Demands Go Beyond Statements To Target Contracts
Worker organizers are asking CEOs to cancel existing contracts with ICE and related agencies, arguing that cloud infrastructure, analytics software, and identity technologies make large-scale operations possible. Palantir has long been a key analytics vendor to Homeland Security Investigations; Clearview AI has supplied facial recognition to immigration and law enforcement clients; and hyperscalers like Amazon Web Services, Microsoft, and Oracle provide infrastructure used across the federal government, including components relied on by ICE.

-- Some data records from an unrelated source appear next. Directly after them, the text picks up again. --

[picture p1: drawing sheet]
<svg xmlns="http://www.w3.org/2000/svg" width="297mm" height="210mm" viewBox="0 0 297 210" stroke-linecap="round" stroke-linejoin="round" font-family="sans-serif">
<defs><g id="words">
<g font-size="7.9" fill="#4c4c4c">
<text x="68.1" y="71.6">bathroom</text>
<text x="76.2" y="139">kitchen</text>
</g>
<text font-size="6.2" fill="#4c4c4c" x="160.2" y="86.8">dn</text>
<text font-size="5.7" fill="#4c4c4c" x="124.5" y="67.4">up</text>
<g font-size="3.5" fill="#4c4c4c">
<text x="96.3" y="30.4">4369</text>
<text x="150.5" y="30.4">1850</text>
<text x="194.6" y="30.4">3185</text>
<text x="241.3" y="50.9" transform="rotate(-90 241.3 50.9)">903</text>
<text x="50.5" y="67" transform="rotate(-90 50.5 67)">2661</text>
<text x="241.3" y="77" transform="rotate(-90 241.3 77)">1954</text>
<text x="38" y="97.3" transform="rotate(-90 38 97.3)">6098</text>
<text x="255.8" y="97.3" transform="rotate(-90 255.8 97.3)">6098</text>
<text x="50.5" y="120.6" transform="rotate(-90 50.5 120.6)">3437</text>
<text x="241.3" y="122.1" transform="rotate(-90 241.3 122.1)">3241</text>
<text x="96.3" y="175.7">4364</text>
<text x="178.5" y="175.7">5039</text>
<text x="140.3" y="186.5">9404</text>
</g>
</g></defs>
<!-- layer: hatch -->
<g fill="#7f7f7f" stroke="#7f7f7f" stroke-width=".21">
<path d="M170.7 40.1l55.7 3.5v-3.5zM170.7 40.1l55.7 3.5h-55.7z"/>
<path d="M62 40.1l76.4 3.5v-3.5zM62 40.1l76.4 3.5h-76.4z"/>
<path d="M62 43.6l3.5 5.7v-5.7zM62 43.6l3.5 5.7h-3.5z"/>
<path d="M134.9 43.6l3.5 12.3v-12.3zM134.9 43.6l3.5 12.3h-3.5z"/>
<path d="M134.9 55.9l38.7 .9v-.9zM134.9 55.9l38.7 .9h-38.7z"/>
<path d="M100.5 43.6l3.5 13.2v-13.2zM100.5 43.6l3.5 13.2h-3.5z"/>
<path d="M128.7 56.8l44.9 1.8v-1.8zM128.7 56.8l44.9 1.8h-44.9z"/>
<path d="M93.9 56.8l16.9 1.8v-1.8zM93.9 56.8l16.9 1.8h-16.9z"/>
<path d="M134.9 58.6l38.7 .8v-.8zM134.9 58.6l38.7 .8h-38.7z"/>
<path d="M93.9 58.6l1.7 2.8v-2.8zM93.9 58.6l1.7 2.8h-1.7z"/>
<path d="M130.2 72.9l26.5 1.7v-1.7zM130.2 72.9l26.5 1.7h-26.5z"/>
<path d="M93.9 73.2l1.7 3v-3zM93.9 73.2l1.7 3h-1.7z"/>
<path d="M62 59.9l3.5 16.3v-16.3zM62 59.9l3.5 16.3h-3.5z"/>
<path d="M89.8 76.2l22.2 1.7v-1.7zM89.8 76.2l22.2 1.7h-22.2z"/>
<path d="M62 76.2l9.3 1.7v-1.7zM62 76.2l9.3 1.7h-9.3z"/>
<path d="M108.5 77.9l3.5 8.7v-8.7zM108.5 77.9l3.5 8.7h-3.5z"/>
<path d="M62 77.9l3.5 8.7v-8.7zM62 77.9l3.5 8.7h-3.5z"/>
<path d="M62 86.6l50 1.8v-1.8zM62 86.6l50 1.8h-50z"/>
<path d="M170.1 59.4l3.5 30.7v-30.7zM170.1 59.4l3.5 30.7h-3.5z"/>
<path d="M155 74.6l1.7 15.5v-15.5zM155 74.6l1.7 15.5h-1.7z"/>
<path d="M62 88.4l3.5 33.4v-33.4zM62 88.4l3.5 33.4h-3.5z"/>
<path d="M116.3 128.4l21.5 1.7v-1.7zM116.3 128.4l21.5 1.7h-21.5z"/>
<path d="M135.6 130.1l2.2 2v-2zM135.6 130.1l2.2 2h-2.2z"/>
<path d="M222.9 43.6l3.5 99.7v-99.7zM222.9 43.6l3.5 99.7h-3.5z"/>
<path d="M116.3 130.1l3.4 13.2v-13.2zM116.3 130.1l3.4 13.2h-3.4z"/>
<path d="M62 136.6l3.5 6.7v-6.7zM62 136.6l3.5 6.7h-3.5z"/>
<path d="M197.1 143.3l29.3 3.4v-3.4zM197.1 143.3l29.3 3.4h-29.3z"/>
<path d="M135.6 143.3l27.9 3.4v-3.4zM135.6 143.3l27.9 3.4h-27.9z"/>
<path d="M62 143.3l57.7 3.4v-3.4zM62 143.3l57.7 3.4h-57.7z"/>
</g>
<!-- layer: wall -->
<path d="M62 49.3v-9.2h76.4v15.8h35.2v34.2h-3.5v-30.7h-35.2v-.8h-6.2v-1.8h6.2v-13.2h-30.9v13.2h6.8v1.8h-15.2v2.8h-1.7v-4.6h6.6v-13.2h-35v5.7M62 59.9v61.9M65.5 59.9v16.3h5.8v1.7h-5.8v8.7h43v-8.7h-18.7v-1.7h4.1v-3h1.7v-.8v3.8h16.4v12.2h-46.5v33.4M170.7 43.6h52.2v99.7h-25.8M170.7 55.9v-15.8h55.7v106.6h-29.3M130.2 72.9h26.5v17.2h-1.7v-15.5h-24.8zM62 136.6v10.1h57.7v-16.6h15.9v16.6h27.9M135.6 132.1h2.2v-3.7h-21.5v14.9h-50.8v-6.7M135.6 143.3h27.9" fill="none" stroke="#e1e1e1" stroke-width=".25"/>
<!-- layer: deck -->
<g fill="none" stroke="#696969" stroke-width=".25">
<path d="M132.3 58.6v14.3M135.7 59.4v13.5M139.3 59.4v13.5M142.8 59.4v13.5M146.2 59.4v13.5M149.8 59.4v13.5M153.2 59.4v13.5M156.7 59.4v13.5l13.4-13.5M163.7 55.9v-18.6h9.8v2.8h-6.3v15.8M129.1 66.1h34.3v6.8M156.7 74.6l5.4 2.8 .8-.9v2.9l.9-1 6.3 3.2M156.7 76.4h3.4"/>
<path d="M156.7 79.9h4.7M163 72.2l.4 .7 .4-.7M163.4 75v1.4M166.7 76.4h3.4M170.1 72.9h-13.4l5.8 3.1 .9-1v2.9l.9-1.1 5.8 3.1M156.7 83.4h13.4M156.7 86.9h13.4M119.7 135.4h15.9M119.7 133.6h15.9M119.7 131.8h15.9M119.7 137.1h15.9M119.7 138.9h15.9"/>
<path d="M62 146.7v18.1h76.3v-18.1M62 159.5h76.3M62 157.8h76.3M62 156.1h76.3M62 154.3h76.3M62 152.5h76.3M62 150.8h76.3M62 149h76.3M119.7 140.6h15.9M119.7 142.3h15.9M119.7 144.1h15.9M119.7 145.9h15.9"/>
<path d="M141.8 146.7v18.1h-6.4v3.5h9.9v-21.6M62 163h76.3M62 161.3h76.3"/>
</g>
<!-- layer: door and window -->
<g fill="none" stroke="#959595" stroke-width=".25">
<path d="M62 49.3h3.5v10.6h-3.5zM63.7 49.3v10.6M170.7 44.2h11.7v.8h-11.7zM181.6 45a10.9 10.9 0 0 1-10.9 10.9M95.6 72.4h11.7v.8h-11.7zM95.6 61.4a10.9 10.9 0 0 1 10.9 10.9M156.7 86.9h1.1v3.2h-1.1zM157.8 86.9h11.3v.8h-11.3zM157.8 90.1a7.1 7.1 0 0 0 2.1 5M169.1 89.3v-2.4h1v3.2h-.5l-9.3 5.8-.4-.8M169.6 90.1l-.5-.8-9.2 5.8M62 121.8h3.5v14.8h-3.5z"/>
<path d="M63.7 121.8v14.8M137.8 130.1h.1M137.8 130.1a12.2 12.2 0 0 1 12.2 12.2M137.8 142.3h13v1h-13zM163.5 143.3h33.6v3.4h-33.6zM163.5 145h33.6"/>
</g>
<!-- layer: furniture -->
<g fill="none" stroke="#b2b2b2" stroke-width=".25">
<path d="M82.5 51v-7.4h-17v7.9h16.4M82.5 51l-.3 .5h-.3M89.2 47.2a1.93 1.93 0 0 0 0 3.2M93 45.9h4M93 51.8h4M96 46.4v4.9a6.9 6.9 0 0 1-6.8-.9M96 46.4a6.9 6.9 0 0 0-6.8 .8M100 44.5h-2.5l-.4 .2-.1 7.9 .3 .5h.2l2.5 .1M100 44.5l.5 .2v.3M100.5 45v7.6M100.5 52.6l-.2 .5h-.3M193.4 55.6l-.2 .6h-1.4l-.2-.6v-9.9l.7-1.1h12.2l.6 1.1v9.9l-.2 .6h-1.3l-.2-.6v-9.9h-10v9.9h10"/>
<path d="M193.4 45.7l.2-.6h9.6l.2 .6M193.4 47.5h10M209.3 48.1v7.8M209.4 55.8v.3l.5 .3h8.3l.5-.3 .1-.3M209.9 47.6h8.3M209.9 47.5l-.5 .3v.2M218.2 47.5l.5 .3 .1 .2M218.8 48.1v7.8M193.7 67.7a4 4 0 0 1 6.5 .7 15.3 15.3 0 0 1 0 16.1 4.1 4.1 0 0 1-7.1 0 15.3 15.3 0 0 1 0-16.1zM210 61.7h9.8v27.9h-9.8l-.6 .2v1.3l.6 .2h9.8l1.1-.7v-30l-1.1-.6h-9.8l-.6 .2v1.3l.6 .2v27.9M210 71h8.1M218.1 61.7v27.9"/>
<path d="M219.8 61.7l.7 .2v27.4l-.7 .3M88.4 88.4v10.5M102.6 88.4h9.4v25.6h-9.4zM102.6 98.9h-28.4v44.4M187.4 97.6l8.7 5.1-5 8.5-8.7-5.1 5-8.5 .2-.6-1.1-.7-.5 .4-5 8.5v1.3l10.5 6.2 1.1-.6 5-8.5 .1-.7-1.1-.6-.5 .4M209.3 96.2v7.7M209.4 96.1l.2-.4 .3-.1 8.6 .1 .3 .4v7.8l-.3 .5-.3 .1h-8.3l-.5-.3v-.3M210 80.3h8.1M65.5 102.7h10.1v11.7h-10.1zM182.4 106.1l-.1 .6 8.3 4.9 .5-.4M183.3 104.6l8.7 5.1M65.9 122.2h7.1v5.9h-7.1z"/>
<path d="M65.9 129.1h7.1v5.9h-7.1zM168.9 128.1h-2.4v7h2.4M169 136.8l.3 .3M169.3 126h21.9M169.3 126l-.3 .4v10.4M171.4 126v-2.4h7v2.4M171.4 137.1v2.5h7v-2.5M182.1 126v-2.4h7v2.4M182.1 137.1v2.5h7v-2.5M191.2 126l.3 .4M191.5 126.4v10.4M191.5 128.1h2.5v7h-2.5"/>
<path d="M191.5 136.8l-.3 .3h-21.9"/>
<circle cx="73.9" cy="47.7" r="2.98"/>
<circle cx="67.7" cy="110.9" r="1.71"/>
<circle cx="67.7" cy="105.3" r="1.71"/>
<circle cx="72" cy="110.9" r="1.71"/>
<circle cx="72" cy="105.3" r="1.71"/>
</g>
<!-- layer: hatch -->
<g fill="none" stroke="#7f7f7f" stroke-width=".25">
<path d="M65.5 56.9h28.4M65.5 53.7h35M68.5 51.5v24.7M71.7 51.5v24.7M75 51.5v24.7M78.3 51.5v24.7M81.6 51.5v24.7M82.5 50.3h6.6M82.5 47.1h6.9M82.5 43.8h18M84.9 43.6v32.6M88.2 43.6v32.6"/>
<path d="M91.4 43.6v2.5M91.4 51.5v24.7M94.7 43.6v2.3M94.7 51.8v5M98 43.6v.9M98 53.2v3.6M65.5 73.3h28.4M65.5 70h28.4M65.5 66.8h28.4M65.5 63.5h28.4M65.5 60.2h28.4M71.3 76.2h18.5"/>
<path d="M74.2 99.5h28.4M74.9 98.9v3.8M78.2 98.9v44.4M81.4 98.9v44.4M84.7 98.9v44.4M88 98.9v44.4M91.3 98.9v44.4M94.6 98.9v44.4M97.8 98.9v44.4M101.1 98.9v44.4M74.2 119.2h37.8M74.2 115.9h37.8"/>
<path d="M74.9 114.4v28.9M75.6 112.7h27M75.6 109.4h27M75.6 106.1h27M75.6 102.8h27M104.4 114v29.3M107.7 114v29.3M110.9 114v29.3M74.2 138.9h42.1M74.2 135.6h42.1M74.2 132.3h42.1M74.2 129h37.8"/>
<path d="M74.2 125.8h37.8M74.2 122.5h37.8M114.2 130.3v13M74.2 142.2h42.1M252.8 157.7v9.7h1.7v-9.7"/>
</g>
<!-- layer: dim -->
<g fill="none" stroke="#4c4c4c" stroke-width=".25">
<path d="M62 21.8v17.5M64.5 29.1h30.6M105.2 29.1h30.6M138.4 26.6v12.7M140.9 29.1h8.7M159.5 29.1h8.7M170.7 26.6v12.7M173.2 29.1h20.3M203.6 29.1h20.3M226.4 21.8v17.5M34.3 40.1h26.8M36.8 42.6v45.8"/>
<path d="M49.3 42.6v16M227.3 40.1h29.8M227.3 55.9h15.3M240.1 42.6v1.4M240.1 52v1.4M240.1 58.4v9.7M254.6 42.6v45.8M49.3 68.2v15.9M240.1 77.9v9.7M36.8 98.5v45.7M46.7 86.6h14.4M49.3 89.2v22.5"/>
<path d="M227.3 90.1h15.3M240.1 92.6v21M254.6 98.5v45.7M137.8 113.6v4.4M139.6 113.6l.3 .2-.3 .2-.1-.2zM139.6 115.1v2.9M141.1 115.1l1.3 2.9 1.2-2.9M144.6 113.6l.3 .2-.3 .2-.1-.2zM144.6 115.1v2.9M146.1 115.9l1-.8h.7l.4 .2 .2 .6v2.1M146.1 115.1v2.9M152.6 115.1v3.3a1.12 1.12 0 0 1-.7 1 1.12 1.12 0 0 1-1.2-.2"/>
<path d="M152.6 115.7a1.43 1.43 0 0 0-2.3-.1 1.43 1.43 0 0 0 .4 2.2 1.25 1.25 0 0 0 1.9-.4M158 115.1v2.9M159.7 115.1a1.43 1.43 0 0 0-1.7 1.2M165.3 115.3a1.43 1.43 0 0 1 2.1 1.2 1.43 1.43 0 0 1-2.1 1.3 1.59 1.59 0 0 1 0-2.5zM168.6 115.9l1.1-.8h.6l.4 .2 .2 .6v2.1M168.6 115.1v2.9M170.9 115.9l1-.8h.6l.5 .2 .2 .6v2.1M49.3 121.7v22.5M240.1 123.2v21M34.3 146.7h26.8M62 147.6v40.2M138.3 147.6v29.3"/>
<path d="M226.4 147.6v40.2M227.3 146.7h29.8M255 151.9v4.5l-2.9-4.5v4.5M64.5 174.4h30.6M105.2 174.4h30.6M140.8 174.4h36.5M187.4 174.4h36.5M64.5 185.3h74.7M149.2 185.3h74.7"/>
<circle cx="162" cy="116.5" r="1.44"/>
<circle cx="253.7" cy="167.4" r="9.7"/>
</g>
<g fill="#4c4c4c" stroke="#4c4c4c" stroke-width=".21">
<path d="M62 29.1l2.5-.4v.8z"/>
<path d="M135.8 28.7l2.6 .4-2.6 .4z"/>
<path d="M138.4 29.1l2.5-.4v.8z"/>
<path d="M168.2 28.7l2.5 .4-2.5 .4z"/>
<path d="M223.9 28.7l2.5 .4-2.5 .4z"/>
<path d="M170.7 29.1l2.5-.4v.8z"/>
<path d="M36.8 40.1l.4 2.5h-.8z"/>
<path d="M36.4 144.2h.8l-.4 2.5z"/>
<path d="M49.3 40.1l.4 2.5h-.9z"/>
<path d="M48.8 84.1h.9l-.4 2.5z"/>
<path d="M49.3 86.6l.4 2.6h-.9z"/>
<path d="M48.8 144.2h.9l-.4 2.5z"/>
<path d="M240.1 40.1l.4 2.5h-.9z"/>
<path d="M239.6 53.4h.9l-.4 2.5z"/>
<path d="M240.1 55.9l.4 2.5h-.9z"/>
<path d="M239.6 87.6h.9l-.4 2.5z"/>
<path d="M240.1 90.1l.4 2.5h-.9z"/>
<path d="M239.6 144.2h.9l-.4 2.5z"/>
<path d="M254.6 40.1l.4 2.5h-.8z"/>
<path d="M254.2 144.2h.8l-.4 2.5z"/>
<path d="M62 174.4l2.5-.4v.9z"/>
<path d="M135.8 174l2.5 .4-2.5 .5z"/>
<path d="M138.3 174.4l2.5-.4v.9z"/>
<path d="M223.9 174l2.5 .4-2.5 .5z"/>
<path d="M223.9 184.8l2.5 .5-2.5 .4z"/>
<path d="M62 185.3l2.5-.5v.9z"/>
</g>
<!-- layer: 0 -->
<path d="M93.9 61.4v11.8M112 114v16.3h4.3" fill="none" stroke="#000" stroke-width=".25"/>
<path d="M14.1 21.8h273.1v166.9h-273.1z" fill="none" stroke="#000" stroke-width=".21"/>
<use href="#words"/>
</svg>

The push echoes earlier internal revolts: Microsoft employees in 2018 protested work tied to ICE; Amazon and Salesforce faced pressure over law enforcement and immigration-related sales; GitHub and Chef saw public backlashes over government contracts. Those episodes showed that employee activism can shape procurement decisions and brand reputation—sometimes rapidly.
High-Profile Voices And A Wider Industry Silence
A handful of prominent tech figures have condemned the escalation. Investors and senior researchers have called the tactics harmful and urged bipartisan denunciations of violence. Others within AI labs and communications platforms criticized the industry’s muted response, noting that executives are often quicker to weigh in on tax policy than on civil liberties. Still, many of the most powerful CEOs—whose companies maintain close ties with policymakers—have yet to publicly address the Minneapolis incidents or the worker letter.

That reticence clashes with employee expectations. The Edelman Trust Barometer has repeatedly found that a majority of workers want CEOs to speak up on societal issues, and Just Capital’s surveys show employees increasingly factor corporate stances into where they work and what they buy. In a fiercely competitive talent market, silence carries retention and recruitment risks alongside reputational ones.
Why Tech’s Voice Could Sway Federal Immigration Policy
Tech leaders have a history of shaping the debate on federal power. During the 2017 travel-ban litigation, dozens of companies filed amicus briefs warning of harms to innovation and competitiveness. Employee pressure also pushed Google to exit Project Maven and led several firms to tighten ethical guidelines around facial recognition and government AI. Worker groups now argue that public, coordinated CEO engagement—calls to senior officials, on-the-record statements, and clear product guardrails—can help de-escalate immigration operations and set enforceable norms for how technology is deployed.
What Comes Next For CEOs Amid Mounting Employee Pressure
The open letter outlines concrete steps:
- Immediate outreach to federal decision-makers
- Transparent reviews of contracts that touch immigration enforcement
- Public commitments not to build or host tools that facilitate mass surveillance or indiscriminate raids
Boards are being asked to oversee these reviews, while employees are urging internal town halls to surface ethical red lines.
The broader question is whether tech’s most influential executives will use their access to push for restraint—or remain on the sidelines as workers, patients, and community members grieve. After the killing of Alex Pretti, organizers say incremental statements are not enough. They want CEOs to prove that the industry’s oft-stated values—safety, accountability, and respect for human rights—extend beyond product roadmaps and into the public square.